Por Ricardo Brito

BRASÍLIA (Reuters) – O relator da CPI da Covid do Senado, Renan Calheiros (MDB-AL), aceitou pedido do senador Alessandro Vieira (Cidadania-SE) para pedir em seu relatório final o indiciamento do senador Luiz Carlos Heinze (PP-RS), decisão essa que foi alvo de críticas de governistas e do presidente da Casa, Rodrigo Pacheco (MG).

Na sessão destinada a votar o parecer de Renan, Alessandro Vieira disse durante sua fala “lamentar muito”, mas apresentou requerimento para indiciar Heinze, que é integrante da comissão, por “disseminar reiteradamente notícias falsas que impactam na vida”. Ao longo da CPI, Heinze fez forte defesa da adoção do tratamento precoce.

“Esta comissão, a ciência, os livros, a imprensa, todos já apresentaram um volume imenso de informações que mostra que esses dados que o senador repete aqui são falsos. Mas, infelizmente, o eleitor do Heinze, lá no interior do Rio Grande do Sul, vai entender que é verdadeiro, porque ele está abrindo a internet e está vendo o senador Heinze repetindo todos os dias, sem nenhuma reprimenda”, disse.

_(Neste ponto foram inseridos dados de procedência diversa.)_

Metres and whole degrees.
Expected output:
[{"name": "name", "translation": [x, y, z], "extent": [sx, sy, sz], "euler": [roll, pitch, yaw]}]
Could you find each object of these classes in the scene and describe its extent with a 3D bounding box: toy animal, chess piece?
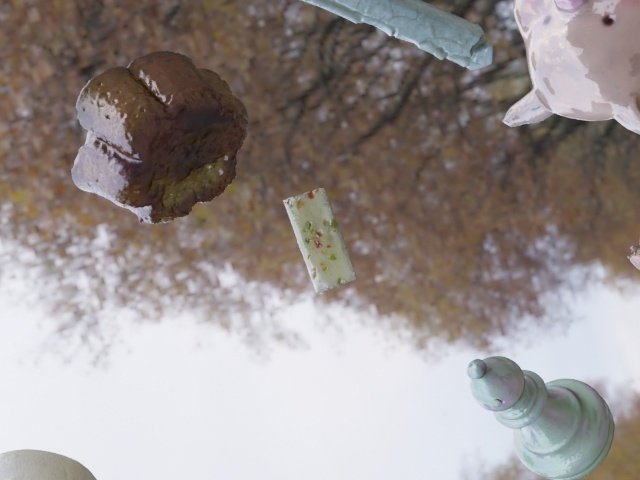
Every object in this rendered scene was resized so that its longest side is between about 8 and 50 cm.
[{"name": "toy animal", "translation": [0.306, -0.257, 1.540], "extent": [0.256, 0.195, 0.213], "euler": [-56, -43, -26]}, {"name": "chess piece", "translation": [0.264, 0.210, 1.903], "extent": [0.272, 0.139, 0.139], "euler": [35, -140, -44]}]

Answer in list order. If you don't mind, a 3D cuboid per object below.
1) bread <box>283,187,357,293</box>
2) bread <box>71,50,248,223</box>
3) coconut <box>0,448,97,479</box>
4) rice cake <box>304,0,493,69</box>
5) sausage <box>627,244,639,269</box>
[{"name": "bread", "translation": [0.000, 0.000, 2.216], "extent": [0.028, 0.068, 0.153], "euler": [28, -138, -82]}, {"name": "bread", "translation": [-0.215, -0.133, 2.013], "extent": [0.247, 0.135, 0.232], "euler": [-17, -48, -38]}, {"name": "coconut", "translation": [-0.401, 0.414, 2.027], "extent": [0.237, 0.237, 0.266], "euler": [63, 176, -29]}, {"name": "rice cake", "translation": [0.090, -0.316, 2.012], "extent": [0.336, 0.063, 0.066], "euler": [18, -149, -19]}, {"name": "sausage", "translation": [0.371, 0.042, 1.475], "extent": [0.042, 0.036, 0.158], "euler": [44, 176, -39]}]
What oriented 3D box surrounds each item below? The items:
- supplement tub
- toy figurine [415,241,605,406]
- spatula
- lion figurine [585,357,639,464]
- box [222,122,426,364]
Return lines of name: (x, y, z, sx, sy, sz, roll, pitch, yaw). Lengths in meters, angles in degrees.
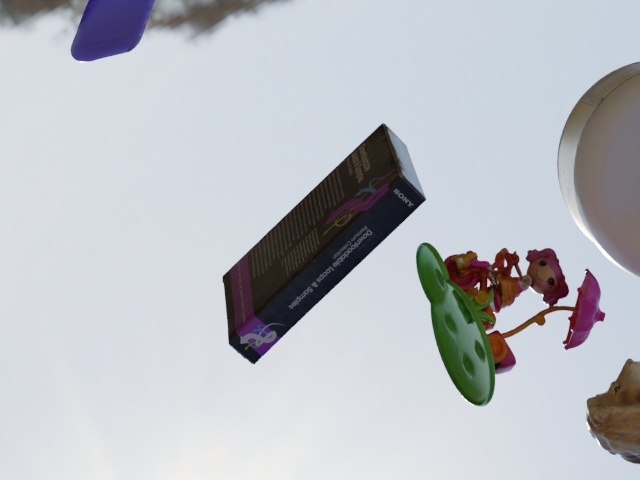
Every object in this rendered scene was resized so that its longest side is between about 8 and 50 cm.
supplement tub: (0.391, -0.083, 2.217, 0.241, 0.241, 0.331, -31, -176, 5)
toy figurine: (0.198, 0.060, 1.954, 0.159, 0.173, 0.130, -17, 161, -18)
spatula: (-0.164, -0.278, 1.688, 0.084, 0.296, 0.030, -20, -136, -39)
lion figurine: (0.494, 0.234, 2.619, 0.240, 0.142, 0.392, -6, 171, 16)
box: (0.000, 0.000, 1.329, 0.162, 0.029, 0.116, -45, -162, 12)
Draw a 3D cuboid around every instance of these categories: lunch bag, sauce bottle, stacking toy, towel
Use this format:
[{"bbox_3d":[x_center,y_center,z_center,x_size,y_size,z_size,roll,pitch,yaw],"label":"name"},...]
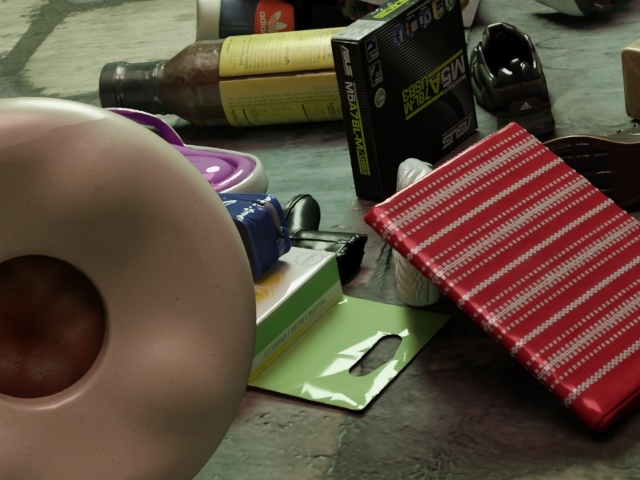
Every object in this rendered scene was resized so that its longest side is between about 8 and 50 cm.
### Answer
[{"bbox_3d":[-0.074,-0.008,1.544,0.098,0.067,0.065,5,30,32],"label":"lunch bag"},{"bbox_3d":[-0.090,-0.189,1.966,0.344,0.111,0.111,-1,29,15],"label":"sauce bottle"},{"bbox_3d":[-0.269,0.046,1.458,0.350,0.351,0.480,-17,10,-13],"label":"stacking toy"},{"bbox_3d":[0.196,0.026,1.405,0.199,0.031,0.275,-31,62,-33],"label":"towel"}]

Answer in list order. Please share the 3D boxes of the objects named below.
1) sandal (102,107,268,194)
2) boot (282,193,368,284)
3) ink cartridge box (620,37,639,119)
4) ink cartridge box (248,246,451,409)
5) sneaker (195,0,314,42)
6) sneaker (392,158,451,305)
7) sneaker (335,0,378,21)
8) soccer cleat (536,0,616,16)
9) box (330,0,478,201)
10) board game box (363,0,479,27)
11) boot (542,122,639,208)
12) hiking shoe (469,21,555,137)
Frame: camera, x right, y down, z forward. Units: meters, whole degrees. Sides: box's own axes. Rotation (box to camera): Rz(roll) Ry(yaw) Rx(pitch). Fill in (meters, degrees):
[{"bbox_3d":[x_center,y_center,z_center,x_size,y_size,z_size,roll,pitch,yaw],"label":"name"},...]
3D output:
[{"bbox_3d":[-0.239,-0.098,1.855,0.416,0.102,0.169,6,31,29],"label":"sandal"},{"bbox_3d":[0.000,-0.001,1.645,0.099,0.045,0.121,4,37,30],"label":"boot"},{"bbox_3d":[0.471,-0.182,1.778,0.193,0.088,0.234,-28,31,-34],"label":"ink cartridge box"},{"bbox_3d":[-0.026,0.071,1.508,0.235,0.056,0.171,6,31,33],"label":"ink cartridge box"},{"bbox_3d":[-0.079,-0.337,2.254,0.148,0.131,0.350,3,30,1],"label":"sneaker"},{"bbox_3d":[0.146,-0.004,1.553,0.153,0.101,0.268,4,18,-1],"label":"sneaker"},{"bbox_3d":[0.044,-0.320,2.252,0.057,0.047,0.119,-6,19,24],"label":"sneaker"},{"bbox_3d":[0.392,-0.391,2.176,0.331,0.116,0.143,-31,34,-33],"label":"soccer cleat"},{"bbox_3d":[0.092,-0.164,1.774,0.045,0.184,0.190,9,32,37],"label":"box"},{"bbox_3d":[0.029,-0.397,2.234,0.318,0.066,0.318,11,23,-16],"label":"board game box"},{"bbox_3d":[0.303,-0.074,1.674,0.219,0.082,0.106,-4,6,21],"label":"boot"},{"bbox_3d":[0.214,-0.199,1.872,0.086,0.114,0.227,-11,27,-3],"label":"hiking shoe"}]
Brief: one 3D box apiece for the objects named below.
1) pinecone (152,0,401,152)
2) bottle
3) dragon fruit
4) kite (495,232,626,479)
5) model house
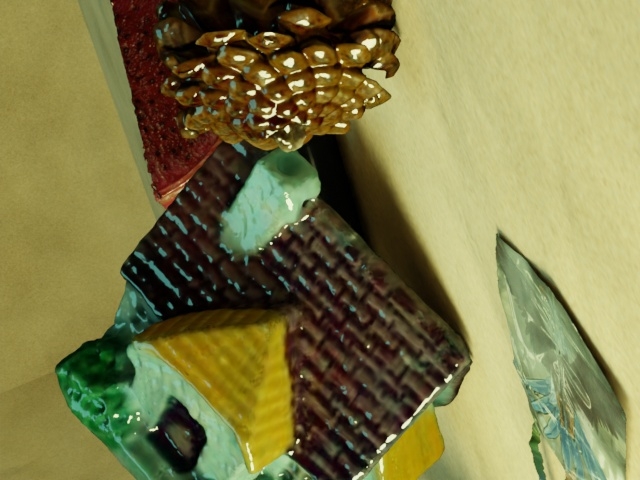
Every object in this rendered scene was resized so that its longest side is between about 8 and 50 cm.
[{"bbox_3d":[-0.027,-0.139,1.035,0.173,0.173,0.174,158,90,-81],"label":"pinecone"},{"bbox_3d":[0.000,0.000,1.422,0.082,0.072,0.244,5,128,32],"label":"bottle"},{"bbox_3d":[-0.129,-0.157,1.712,0.161,0.126,0.274,63,-169,-71],"label":"dragon fruit"},{"bbox_3d":[0.156,0.137,1.036,0.310,0.015,0.169,80,165,-46],"label":"kite"},{"bbox_3d":[-0.022,0.081,1.253,0.280,0.230,0.249,44,141,11],"label":"model house"}]
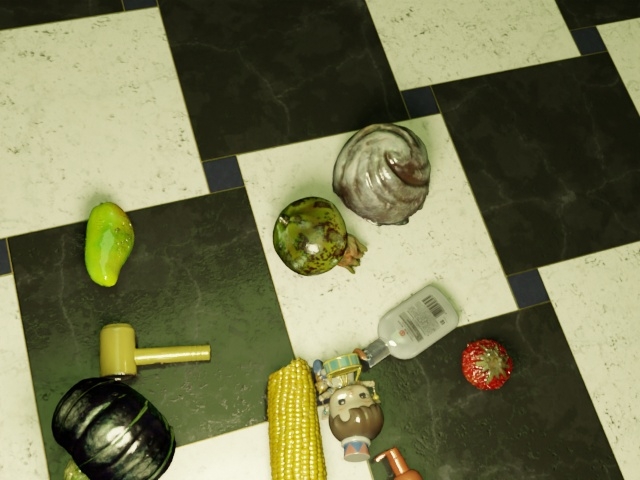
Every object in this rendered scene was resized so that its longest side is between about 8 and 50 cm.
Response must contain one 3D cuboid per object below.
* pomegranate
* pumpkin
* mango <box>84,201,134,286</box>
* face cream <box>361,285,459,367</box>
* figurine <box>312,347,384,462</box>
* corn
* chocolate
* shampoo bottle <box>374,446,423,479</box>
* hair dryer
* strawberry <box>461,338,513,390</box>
[{"bbox_3d":[0.010,-0.009,1.988,0.277,0.204,0.221,7,53,-10],"label":"pomegranate"},{"bbox_3d":[-0.500,0.462,1.682,0.296,0.296,0.295,3,69,-8],"label":"pumpkin"},{"bbox_3d":[-0.558,0.011,1.943,0.126,0.111,0.232,-4,71,-5],"label":"mango"},{"bbox_3d":[0.234,0.247,1.994,0.291,0.071,0.144,-33,76,-19],"label":"face cream"},{"bbox_3d":[0.078,0.418,1.859,0.161,0.158,0.275,-17,73,-10],"label":"figurine"},{"bbox_3d":[-0.065,0.489,1.825,0.144,0.144,0.386,-5,67,-11],"label":"corn"},{"bbox_3d":[0.194,-0.215,2.090,0.304,0.213,0.303,2,68,-6],"label":"chocolate"},{"bbox_3d":[0.230,0.637,1.842,0.086,0.085,0.244,-25,73,-16],"label":"shampoo bottle"},{"bbox_3d":[-0.422,0.282,1.884,0.279,0.090,0.134,-1,67,-16],"label":"hair dryer"},{"bbox_3d":[0.453,0.333,1.988,0.145,0.086,0.145,2,71,-7],"label":"strawberry"}]
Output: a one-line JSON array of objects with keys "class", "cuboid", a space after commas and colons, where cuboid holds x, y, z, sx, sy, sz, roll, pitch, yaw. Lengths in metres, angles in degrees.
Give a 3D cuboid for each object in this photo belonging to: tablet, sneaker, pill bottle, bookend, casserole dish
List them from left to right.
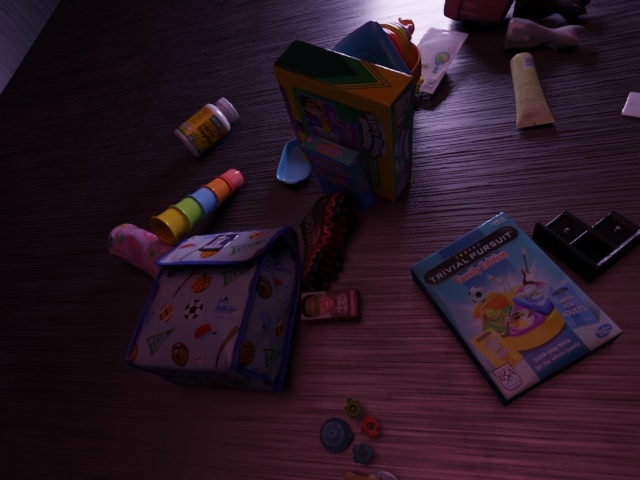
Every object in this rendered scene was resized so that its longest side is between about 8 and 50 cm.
[{"class": "pill bottle", "cuboid": [-0.391, -0.397, 1.461, 0.208, 0.117, 0.118, -42, 57, -9]}, {"class": "casserole dish", "cuboid": [-0.068, -0.243, 1.308, 0.114, 0.037, 0.188, 1, 61, 20]}, {"class": "sneaker", "cuboid": [0.000, 0.000, 1.108, 0.135, 0.098, 0.275, 8, 76, 46]}, {"class": "bookend", "cuboid": [0.591, -0.018, 0.925, 0.157, 0.072, 0.156, -36, 56, -4]}, {"class": "tablet", "cuboid": [0.815, -0.347, 1.081, 0.054, 0.006, 0.083, 22, 70, 28]}]

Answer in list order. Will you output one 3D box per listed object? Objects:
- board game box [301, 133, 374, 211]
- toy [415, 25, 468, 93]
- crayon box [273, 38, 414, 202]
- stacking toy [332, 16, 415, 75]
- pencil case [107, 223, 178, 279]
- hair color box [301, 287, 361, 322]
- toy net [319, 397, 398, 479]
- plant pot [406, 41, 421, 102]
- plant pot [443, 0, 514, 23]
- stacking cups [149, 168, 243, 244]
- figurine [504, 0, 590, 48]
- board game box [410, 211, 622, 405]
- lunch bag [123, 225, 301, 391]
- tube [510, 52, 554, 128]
[{"class": "board game box", "cuboid": [0.051, -0.177, 1.123, 0.160, 0.210, 0.047, 30, 74, 31]}, {"class": "toy", "cuboid": [0.352, -0.563, 1.339, 0.137, 0.056, 0.237, 27, 77, 26]}, {"class": "crayon box", "cuboid": [0.073, -0.288, 1.068, 0.313, 0.362, 0.106, 28, 71, 23]}, {"class": "stacking toy", "cuboid": [0.176, -0.507, 1.095, 0.166, 0.175, 0.301, -16, 32, 48]}, {"class": "pencil case", "cuboid": [-0.501, 0.043, 1.239, 0.284, 0.124, 0.124, 22, 70, 28]}, {"class": "hair color box", "cuboid": [0.025, 0.161, 1.029, 0.141, 0.043, 0.071, -8, 68, 16]}, {"class": "toy net", "cuboid": [0.097, 0.442, 0.846, 0.122, 0.045, 0.232, -38, 58, -8]}, {"class": "plant pot", "cuboid": [0.200, -0.452, 1.246, 0.205, 0.188, 0.205, -9, 58, 14]}, {"class": "plant pot", "cuboid": [0.521, -0.790, 1.344, 0.180, 0.201, 0.201, 32, 74, 15]}, {"class": "stacking cups", "cuboid": [-0.356, -0.117, 1.246, 0.096, 0.095, 0.316, 15, 45, 26]}, {"class": "figurine", "cuboid": [0.684, -0.661, 1.267, 0.210, 0.092, 0.214, 13, 67, 21]}, {"class": "board game box", "cuboid": [0.393, 0.132, 0.902, 0.254, 0.079, 0.336, -31, 56, 0]}, {"class": "lunch bag", "cuboid": [-0.237, 0.138, 1.017, 0.328, 0.239, 0.385, -4, 56, 25]}, {"class": "tube", "cuboid": [0.579, -0.416, 1.178, 0.070, 0.062, 0.239, -36, 46, 53]}]
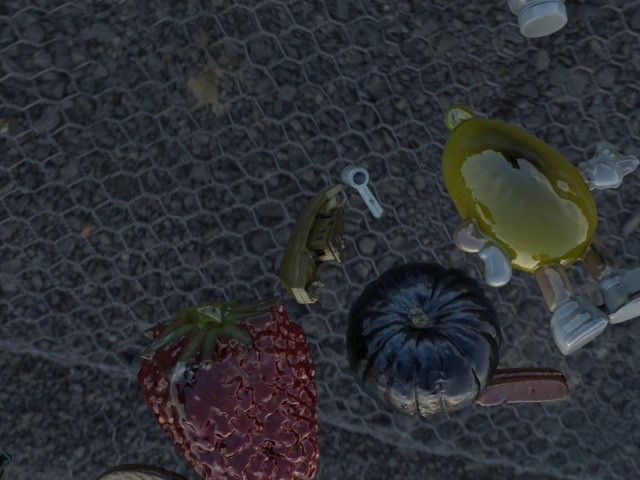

“Esta CPI teve a coragem de pedir o indiciamento do presidente da República, do líder do governo. Não pode fechar os olhos com relação ao comportamento do seu colega parlamentar, senador da República, que repete reiteradamente a mentira como forma de desinformar o cidadão Peço deferimento, senhor relator”, defendeu.

Heinze protestou contra o pedido, mas Renan acolheu, justificando que, apesar das advertências, o senador “reincidiu aqui todos os dias, apresentando estudos falsos, logo negados pela ciência, e pela maneira como incitou ao crime em todos os momentos”. Destacou que ele seria o 81º indiciado pela CPI.

Em nota, o presidente do Senado contestou a decisão. “Nunca interferi e não interferirei nos trabalhos da CPI. Mas, pelo que percebo, considero o indiciamento do senador Heinze um excesso. Mas a decisão é da CPI”, disse Pacheco.

A decisão do relator de incluir Heinze na lista dos pedidos de indiciamento ainda precisará ir à votação.